Items listed in a dataset:
----
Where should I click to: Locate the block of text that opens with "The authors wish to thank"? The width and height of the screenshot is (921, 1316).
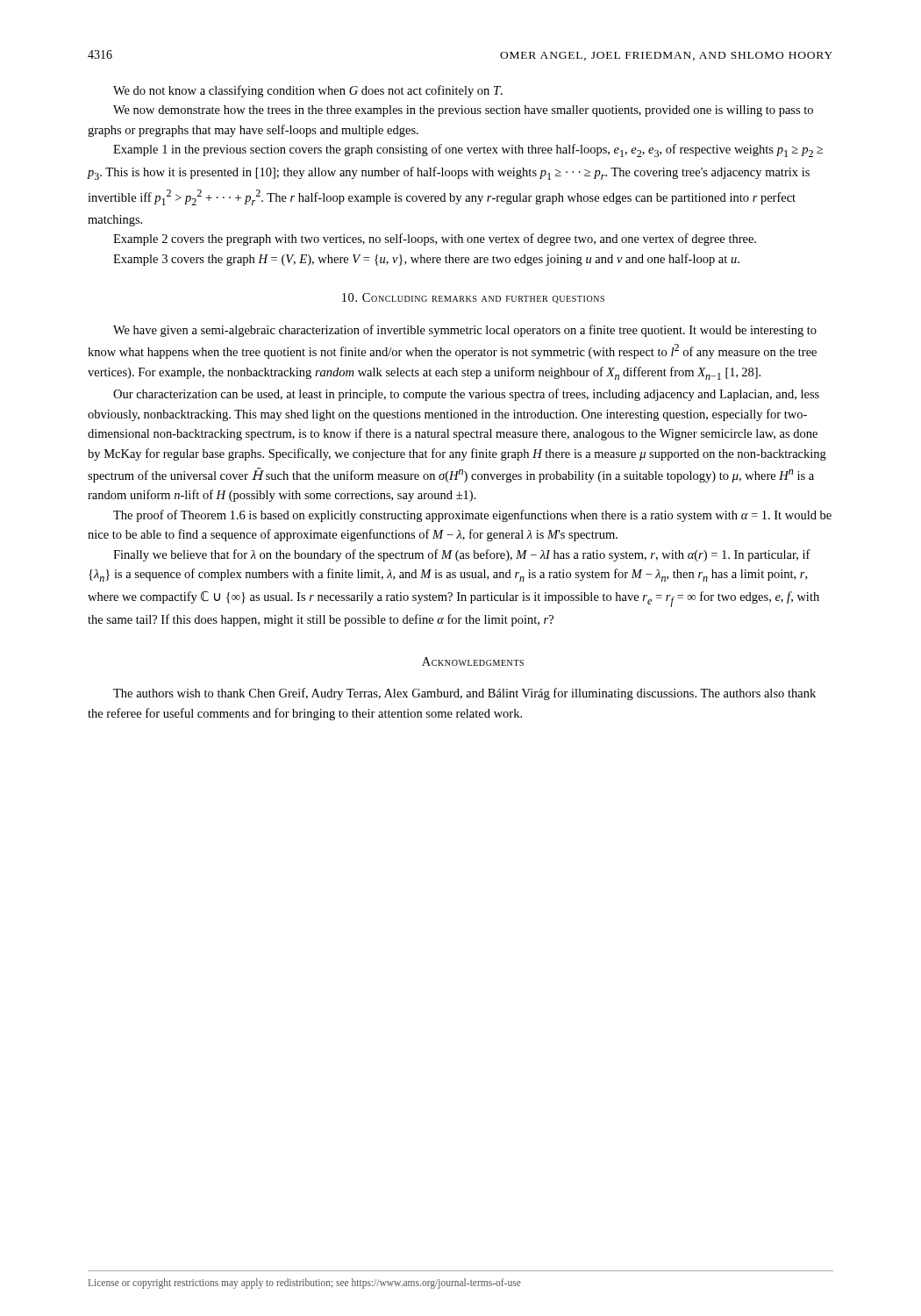pyautogui.click(x=460, y=704)
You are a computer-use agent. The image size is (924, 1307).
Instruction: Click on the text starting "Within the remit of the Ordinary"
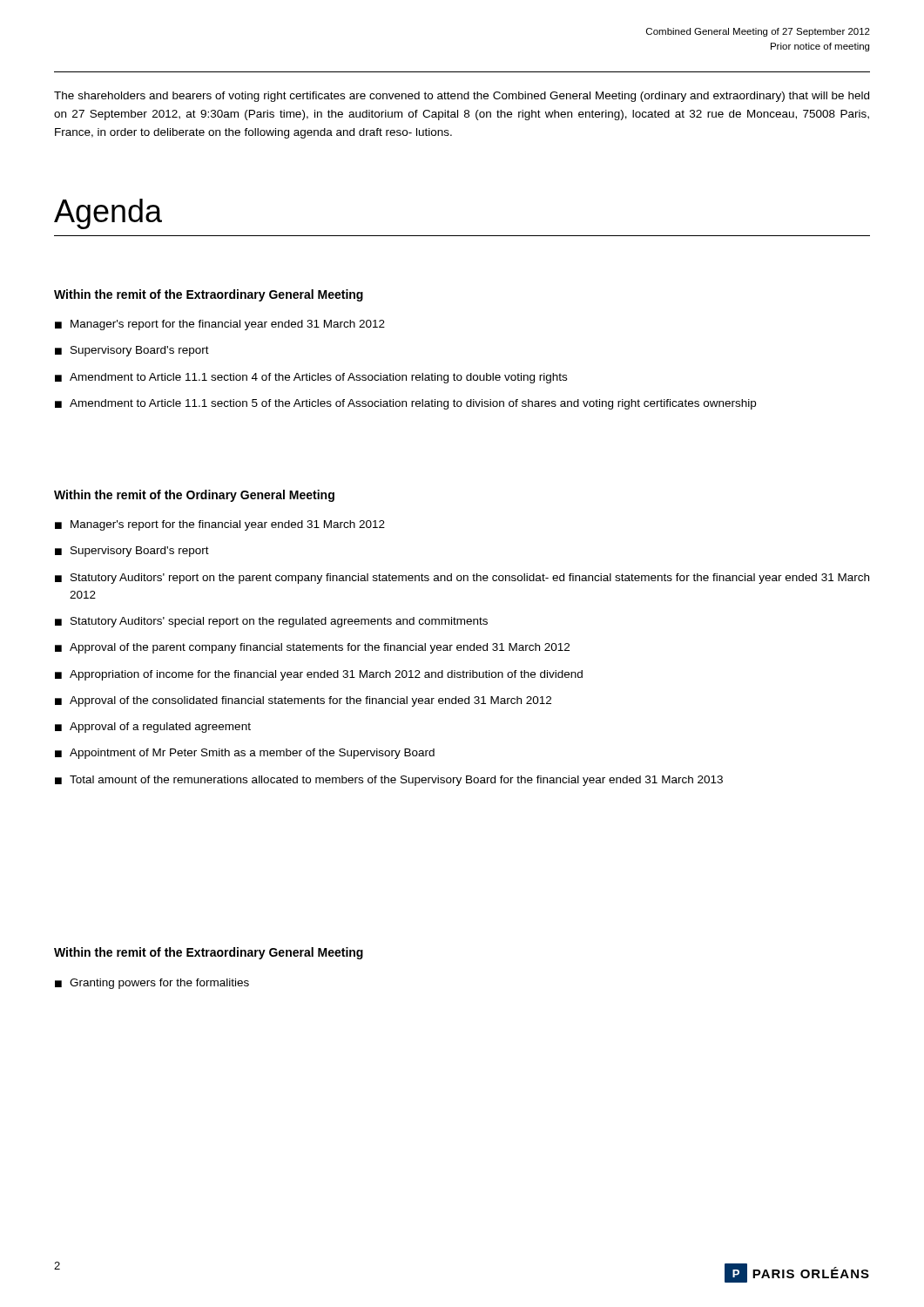pos(195,495)
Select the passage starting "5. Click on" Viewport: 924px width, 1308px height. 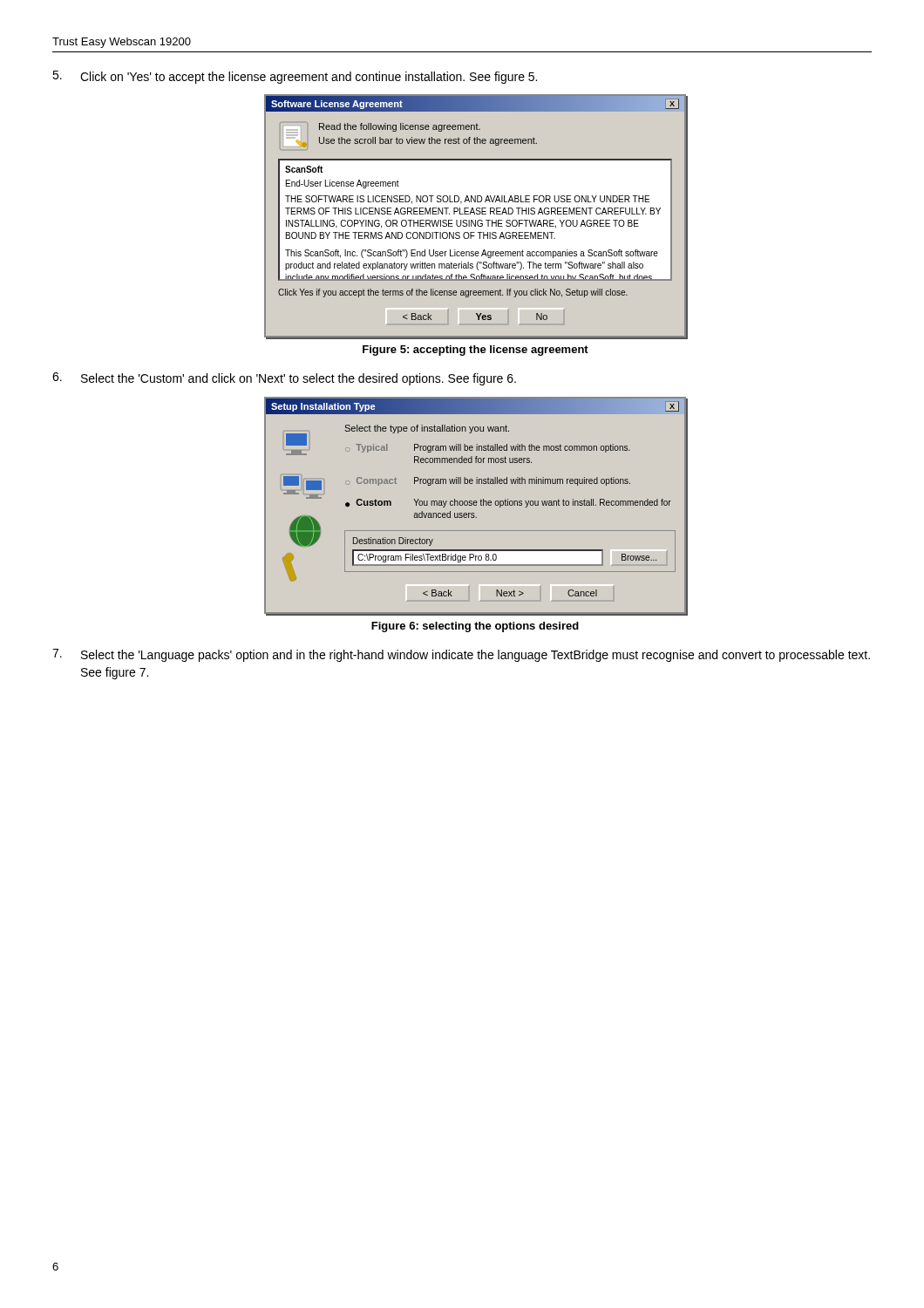pos(295,77)
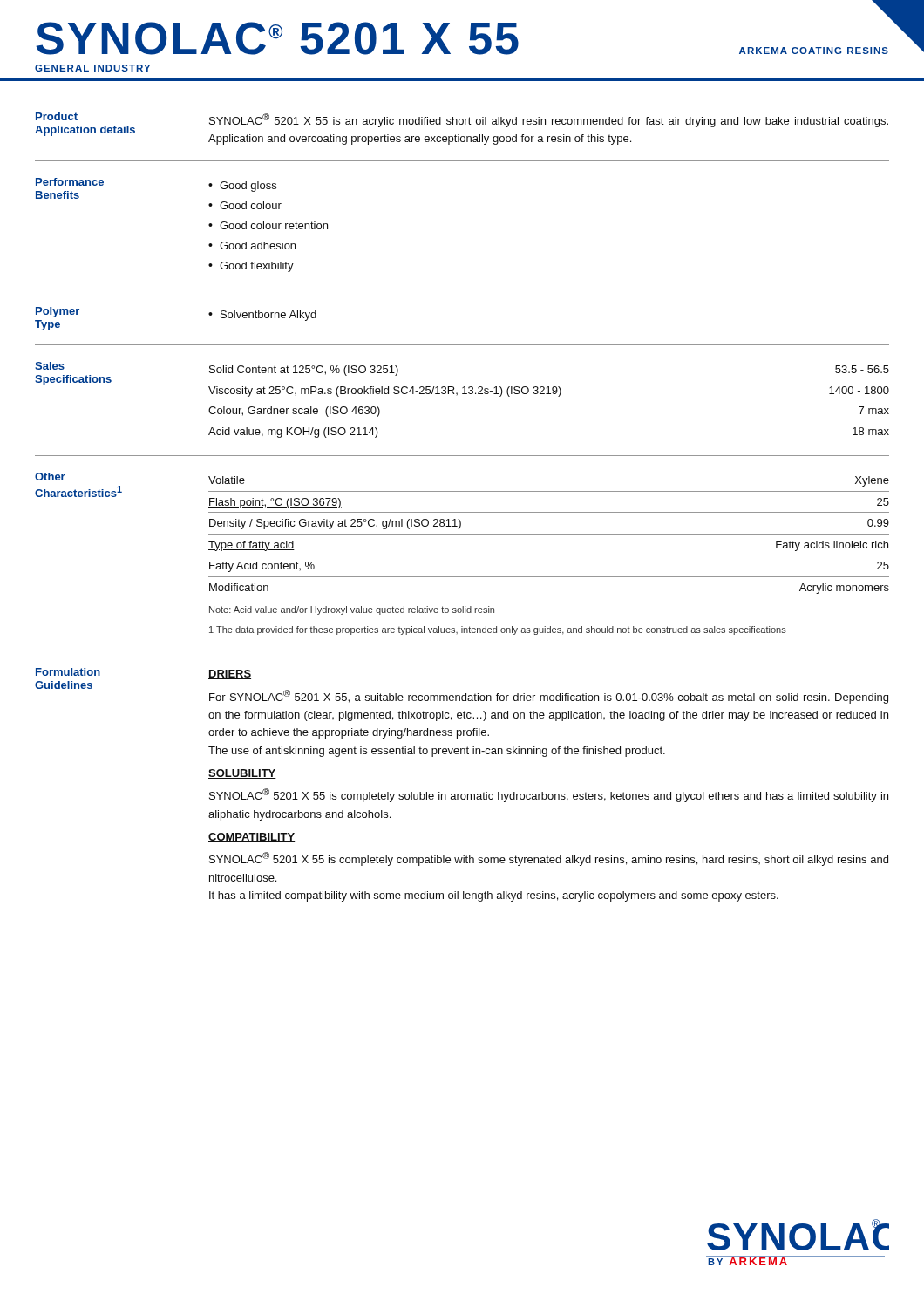Image resolution: width=924 pixels, height=1308 pixels.
Task: Locate the block of text that opens with "SOLUBILITY SYNOLAC® 5201 X 55 is completely soluble"
Action: coord(549,794)
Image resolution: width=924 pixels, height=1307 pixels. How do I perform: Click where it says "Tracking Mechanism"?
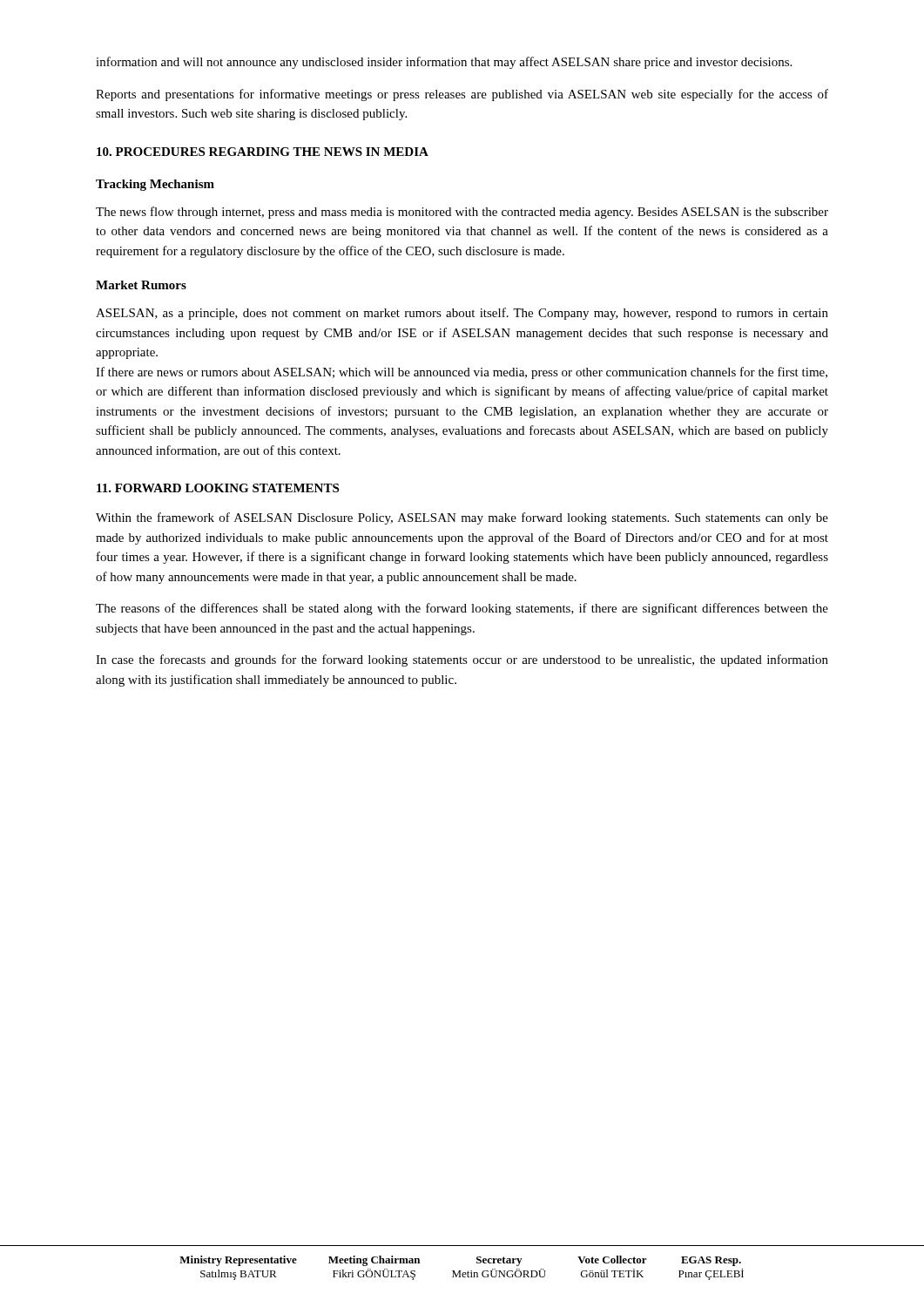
----
:: WHAT IS REQUIRED ::
Your answer should be the lines from the opening of the records through the line with "You are a computer-use", both ends retyped exactly and pictures left out.

:: OUTPUT OF THE EXERCISE ::
Where should I click to: Locate the block of text that opens with "The authors wish to thank"? The width and height of the screenshot is (921, 1316).
pyautogui.click(x=460, y=704)
You are a computer-use agent. The image size is (924, 1307).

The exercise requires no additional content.